◆ WORK REQUEST:
Some entries follow. Reproduce exactly the lines starting at the one with "Repeat for the car [1140, 849, 1171, 865]." and stopping after the one with "rotation=(roll, pitch, yaw))".

Records from a data source:
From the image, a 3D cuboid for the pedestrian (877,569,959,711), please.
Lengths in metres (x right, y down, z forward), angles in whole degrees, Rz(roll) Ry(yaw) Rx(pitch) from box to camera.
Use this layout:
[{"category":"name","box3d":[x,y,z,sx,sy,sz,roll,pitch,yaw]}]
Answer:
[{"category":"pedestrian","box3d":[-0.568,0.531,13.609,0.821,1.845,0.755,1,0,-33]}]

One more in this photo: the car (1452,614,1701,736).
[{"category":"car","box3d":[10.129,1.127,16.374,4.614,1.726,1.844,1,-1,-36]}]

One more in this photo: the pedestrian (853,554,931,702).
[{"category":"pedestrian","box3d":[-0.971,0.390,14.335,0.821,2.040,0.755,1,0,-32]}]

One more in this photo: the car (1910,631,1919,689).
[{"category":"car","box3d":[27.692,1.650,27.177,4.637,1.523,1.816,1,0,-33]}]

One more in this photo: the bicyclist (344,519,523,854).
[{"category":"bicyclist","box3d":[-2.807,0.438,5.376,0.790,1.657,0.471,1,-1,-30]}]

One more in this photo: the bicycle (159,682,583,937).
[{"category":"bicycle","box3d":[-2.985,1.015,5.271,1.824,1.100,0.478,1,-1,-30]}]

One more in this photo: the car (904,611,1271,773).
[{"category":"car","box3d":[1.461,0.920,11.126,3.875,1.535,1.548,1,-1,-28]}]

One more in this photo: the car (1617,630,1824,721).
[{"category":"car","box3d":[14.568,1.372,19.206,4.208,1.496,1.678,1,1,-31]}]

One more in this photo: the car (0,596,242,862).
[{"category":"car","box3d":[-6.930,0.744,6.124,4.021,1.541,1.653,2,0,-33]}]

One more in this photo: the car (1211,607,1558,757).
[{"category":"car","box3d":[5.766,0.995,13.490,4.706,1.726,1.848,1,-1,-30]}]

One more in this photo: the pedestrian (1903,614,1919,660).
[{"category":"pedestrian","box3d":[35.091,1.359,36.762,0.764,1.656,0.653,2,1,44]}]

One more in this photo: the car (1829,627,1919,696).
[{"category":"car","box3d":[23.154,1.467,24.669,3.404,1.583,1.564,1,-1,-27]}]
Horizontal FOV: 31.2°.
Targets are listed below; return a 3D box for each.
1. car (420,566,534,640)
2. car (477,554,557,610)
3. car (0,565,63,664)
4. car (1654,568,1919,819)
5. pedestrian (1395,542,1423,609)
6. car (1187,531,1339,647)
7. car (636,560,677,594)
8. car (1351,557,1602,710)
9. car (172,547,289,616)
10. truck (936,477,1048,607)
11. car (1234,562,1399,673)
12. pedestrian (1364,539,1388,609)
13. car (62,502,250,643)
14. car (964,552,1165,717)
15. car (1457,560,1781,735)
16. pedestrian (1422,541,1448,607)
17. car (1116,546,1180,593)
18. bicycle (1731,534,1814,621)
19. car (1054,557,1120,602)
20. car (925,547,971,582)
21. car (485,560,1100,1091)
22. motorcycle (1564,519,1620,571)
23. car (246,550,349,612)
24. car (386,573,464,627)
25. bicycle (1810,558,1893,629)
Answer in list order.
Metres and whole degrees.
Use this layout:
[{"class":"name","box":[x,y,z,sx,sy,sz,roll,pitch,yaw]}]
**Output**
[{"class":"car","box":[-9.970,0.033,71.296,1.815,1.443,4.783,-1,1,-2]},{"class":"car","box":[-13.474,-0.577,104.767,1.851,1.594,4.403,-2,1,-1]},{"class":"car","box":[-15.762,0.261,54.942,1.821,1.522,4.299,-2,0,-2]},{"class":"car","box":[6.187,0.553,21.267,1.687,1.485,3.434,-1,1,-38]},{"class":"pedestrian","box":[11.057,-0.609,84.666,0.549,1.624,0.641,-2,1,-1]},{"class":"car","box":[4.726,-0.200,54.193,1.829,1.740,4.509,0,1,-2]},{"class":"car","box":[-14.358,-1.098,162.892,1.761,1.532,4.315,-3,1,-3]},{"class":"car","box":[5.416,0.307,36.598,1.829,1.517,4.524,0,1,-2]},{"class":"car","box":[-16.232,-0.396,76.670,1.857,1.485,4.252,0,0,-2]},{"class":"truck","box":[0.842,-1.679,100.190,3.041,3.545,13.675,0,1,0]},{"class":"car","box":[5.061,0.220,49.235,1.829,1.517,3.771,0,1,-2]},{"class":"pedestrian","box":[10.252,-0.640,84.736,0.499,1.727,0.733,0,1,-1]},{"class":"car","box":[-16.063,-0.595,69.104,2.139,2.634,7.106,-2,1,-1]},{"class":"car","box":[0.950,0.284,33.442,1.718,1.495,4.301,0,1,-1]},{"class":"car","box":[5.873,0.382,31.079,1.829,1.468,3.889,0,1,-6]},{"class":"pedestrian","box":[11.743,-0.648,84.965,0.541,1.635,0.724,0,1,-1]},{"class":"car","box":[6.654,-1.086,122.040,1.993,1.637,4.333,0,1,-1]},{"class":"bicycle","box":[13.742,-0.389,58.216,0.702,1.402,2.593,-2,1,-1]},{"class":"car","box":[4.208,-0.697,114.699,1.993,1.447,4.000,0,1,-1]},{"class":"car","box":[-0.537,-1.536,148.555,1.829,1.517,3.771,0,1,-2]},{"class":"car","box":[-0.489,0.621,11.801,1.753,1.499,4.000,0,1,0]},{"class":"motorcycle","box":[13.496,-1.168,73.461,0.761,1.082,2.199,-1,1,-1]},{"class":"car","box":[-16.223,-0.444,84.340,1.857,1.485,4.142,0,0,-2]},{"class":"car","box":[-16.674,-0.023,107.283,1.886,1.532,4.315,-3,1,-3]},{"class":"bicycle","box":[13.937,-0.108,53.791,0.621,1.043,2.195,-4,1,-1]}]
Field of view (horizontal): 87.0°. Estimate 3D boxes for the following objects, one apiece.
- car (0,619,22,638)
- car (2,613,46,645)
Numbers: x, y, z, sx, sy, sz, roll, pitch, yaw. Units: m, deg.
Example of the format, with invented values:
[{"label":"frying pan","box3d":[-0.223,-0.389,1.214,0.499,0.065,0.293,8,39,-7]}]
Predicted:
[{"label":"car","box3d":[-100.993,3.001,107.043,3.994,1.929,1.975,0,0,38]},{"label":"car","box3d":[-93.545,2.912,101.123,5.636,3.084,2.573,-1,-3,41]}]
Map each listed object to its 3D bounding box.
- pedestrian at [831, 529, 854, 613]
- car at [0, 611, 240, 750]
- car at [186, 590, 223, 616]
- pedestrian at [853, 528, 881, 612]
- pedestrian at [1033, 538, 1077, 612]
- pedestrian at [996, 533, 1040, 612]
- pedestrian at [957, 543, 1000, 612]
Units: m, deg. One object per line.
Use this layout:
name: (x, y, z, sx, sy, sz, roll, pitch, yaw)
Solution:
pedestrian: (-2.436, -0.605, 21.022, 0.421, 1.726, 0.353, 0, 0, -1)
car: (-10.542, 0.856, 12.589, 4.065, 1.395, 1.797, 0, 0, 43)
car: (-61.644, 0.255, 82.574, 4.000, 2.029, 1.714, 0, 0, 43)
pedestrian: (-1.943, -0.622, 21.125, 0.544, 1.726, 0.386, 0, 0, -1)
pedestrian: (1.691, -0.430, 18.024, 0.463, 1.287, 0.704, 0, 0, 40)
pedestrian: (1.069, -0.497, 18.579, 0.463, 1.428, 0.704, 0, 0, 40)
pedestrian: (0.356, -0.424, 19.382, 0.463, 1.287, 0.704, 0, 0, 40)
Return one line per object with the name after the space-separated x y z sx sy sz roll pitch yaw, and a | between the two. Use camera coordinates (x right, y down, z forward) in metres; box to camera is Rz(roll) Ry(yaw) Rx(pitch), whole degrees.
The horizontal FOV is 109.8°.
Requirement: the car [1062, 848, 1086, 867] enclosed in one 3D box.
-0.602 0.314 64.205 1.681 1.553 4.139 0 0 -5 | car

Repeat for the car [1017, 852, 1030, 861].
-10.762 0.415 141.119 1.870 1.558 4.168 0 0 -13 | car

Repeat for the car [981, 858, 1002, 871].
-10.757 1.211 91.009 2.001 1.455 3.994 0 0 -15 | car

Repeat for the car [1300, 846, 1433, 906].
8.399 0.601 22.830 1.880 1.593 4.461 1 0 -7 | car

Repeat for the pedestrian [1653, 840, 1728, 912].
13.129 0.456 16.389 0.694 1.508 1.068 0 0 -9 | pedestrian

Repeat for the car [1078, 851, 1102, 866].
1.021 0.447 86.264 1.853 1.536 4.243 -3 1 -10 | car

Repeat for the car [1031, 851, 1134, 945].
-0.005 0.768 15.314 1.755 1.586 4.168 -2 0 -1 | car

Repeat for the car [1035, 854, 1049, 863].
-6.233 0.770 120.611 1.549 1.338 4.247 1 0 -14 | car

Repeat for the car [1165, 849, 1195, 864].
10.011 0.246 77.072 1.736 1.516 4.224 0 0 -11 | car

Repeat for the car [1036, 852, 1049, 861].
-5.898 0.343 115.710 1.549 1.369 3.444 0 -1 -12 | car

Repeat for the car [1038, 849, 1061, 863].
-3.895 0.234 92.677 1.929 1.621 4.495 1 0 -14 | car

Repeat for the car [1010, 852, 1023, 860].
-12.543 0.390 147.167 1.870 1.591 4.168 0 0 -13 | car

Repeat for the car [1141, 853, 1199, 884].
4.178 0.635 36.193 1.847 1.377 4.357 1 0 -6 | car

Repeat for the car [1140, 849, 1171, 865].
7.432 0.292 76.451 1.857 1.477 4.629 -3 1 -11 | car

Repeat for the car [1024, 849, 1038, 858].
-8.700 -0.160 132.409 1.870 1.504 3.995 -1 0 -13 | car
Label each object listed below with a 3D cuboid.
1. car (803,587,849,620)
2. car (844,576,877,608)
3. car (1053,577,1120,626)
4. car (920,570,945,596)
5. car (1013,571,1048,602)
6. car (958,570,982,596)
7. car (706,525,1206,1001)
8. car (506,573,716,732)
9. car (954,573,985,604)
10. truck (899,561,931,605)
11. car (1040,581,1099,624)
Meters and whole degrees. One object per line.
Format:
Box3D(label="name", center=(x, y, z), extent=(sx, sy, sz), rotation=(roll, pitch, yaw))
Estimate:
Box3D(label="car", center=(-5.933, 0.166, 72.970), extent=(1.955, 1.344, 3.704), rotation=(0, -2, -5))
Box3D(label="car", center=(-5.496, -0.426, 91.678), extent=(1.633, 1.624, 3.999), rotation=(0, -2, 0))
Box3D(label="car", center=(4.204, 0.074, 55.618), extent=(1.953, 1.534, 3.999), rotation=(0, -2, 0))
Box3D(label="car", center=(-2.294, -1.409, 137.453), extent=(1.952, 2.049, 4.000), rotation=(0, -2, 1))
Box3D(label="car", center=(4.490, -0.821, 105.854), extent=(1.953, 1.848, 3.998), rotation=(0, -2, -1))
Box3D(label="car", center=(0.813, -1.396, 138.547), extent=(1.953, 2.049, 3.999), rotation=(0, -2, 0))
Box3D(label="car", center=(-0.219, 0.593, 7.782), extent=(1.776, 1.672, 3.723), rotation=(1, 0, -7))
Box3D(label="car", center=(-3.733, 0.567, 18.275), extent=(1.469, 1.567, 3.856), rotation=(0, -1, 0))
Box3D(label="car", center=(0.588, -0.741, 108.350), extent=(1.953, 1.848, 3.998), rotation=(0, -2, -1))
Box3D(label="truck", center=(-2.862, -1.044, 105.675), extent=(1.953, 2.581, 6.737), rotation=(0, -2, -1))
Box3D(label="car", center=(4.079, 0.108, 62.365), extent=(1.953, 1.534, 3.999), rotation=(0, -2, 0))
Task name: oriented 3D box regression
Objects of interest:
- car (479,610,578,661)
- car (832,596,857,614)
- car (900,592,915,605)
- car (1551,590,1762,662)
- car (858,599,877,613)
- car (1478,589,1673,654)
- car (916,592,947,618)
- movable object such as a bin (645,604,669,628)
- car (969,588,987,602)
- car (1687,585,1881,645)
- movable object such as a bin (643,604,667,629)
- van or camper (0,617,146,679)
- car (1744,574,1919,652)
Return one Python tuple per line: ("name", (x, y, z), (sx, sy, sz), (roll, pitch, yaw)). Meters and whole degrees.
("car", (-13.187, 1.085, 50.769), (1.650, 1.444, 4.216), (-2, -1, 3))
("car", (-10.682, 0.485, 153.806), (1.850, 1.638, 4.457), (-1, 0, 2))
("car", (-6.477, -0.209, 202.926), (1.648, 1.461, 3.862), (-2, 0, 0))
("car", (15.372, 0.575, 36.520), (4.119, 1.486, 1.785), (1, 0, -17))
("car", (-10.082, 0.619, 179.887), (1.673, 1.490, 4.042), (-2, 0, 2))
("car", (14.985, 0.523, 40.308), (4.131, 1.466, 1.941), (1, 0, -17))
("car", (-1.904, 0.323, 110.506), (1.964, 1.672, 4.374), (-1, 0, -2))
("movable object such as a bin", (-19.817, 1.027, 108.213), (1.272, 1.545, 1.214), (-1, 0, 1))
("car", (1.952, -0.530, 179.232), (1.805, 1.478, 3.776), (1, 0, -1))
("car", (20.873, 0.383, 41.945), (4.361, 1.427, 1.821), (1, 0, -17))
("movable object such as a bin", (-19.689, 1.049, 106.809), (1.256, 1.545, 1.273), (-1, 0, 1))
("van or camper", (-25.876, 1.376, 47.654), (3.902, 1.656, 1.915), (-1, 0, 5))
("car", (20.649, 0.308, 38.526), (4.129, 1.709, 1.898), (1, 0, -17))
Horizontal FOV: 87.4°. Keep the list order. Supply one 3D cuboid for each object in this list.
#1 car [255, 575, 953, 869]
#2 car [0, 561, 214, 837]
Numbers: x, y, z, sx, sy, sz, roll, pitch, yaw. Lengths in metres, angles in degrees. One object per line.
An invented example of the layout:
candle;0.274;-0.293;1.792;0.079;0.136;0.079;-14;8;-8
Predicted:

◆ RESULT FOR THIS EXERCISE:
Repeat for the car [1140, 849, 1171, 865].
7.432 0.292 76.451 1.857 1.477 4.629 -3 1 -11 | car

Repeat for the car [1024, 849, 1038, 858].
-8.700 -0.160 132.409 1.870 1.504 3.995 -1 0 -13 | car
Label each object listed below with a 3D cuboid.
1. car (803,587,849,620)
2. car (844,576,877,608)
3. car (1053,577,1120,626)
4. car (920,570,945,596)
5. car (1013,571,1048,602)
6. car (958,570,982,596)
7. car (706,525,1206,1001)
8. car (506,573,716,732)
9. car (954,573,985,604)
10. truck (899,561,931,605)
11. car (1040,581,1099,624)
Meters and whole degrees. One object per line.
Format:
Box3D(label="name", center=(x, y, z), extent=(sx, sy, sz), rotation=(roll, pitch, yaw))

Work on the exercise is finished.